'New York Times' Raves About Knoxville Native Kevin Burdette's Opera Performance

It’s easy to think that there’s something small-town about Knoxville’s performing arts community, but that reputation should be quickly receding. Local opera productions may never rival New York and European performances, but the quality of opera performers who come to Knoxville has been on the rise for the last few years. Knoxville Opera managed to get rising soprano star Rachele Gilmore back for a second performance during this spring’s production of I Puritani, and one of the stars of last year’s KO production of The Barber of Seville, Knoxville native and University of Tennessee grad Kevin Burdette, has just earned a rave in The New York Times for his performance in Stravinsky’s The Rake’s Progress at the Princeton Festival in Princeton, N.J.

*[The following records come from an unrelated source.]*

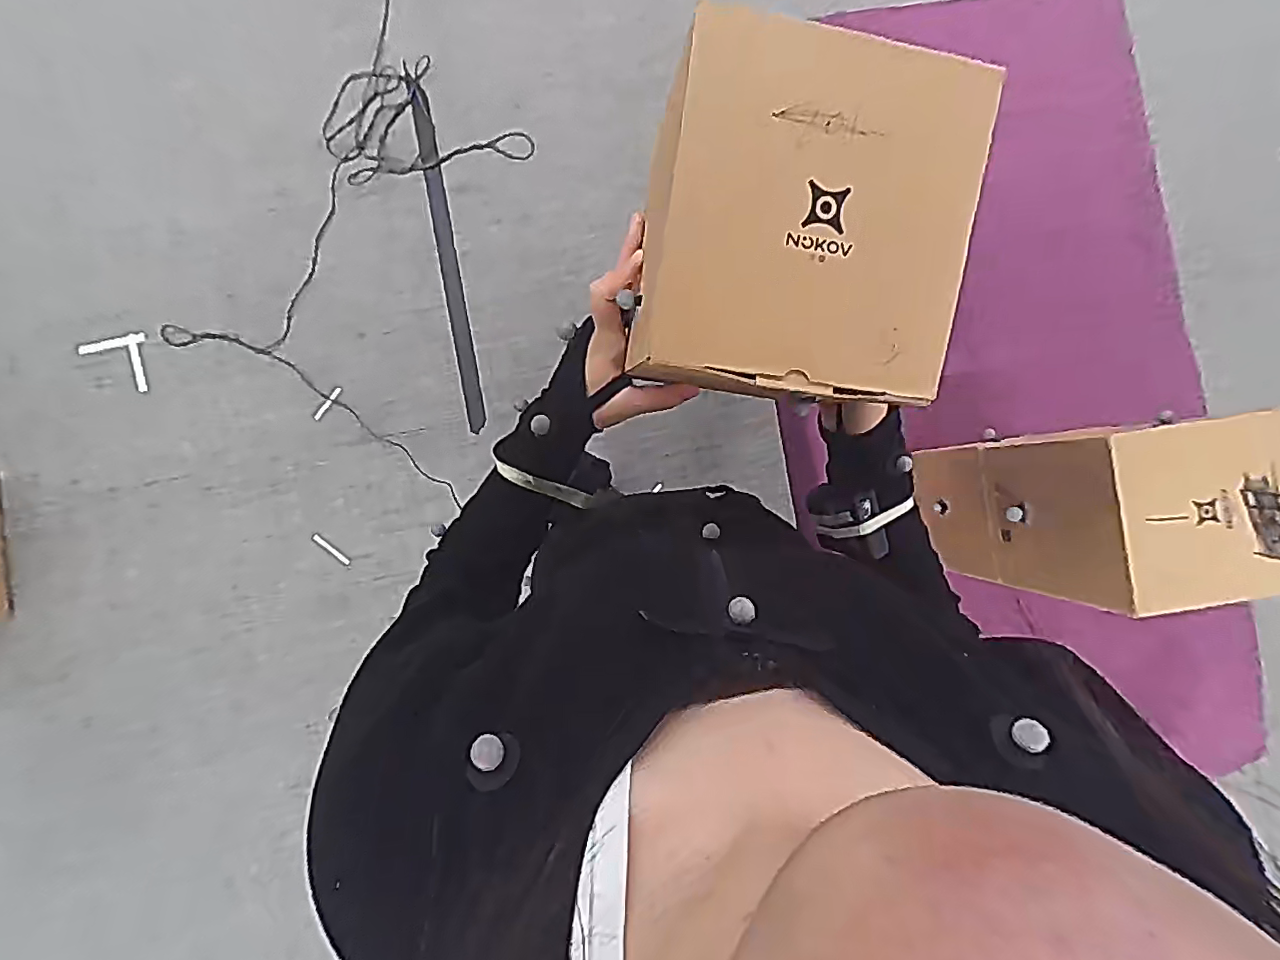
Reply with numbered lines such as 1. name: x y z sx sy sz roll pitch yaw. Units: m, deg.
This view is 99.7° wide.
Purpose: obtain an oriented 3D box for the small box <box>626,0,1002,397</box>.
1. small box: 0.086 -0.151 0.356 0.168 0.176 0.179 6 97 -8

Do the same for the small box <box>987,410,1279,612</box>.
1. small box: 0.505 0.025 0.559 0.179 0.176 0.168 -8 90 -3

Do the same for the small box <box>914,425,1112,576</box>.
1. small box: 0.491 0.025 0.723 0.179 0.176 0.168 -8 90 -4

“The pace and energy of the performance picked up when the bass Kevin Burdette arrived as the devilish Nick Shadow,” wrote Times classical music critic Anthony Tommasini on June 27. Tommasini went on to describe Burdette as “slyly demoniacal,” and wrote that he sang “with earthy power and flair.”

Metro Pulse critic Alan Sherrod noted Burdette’s ability in April 2010 in his review of The Barber of Seville: “Frankly, Burdette possesses a theatrical ability rarely found on the opera stage,” Sherrod wrote. “When coupled with his incredibly solid, rich bass, it sets him apart as a performer with an exciting future.”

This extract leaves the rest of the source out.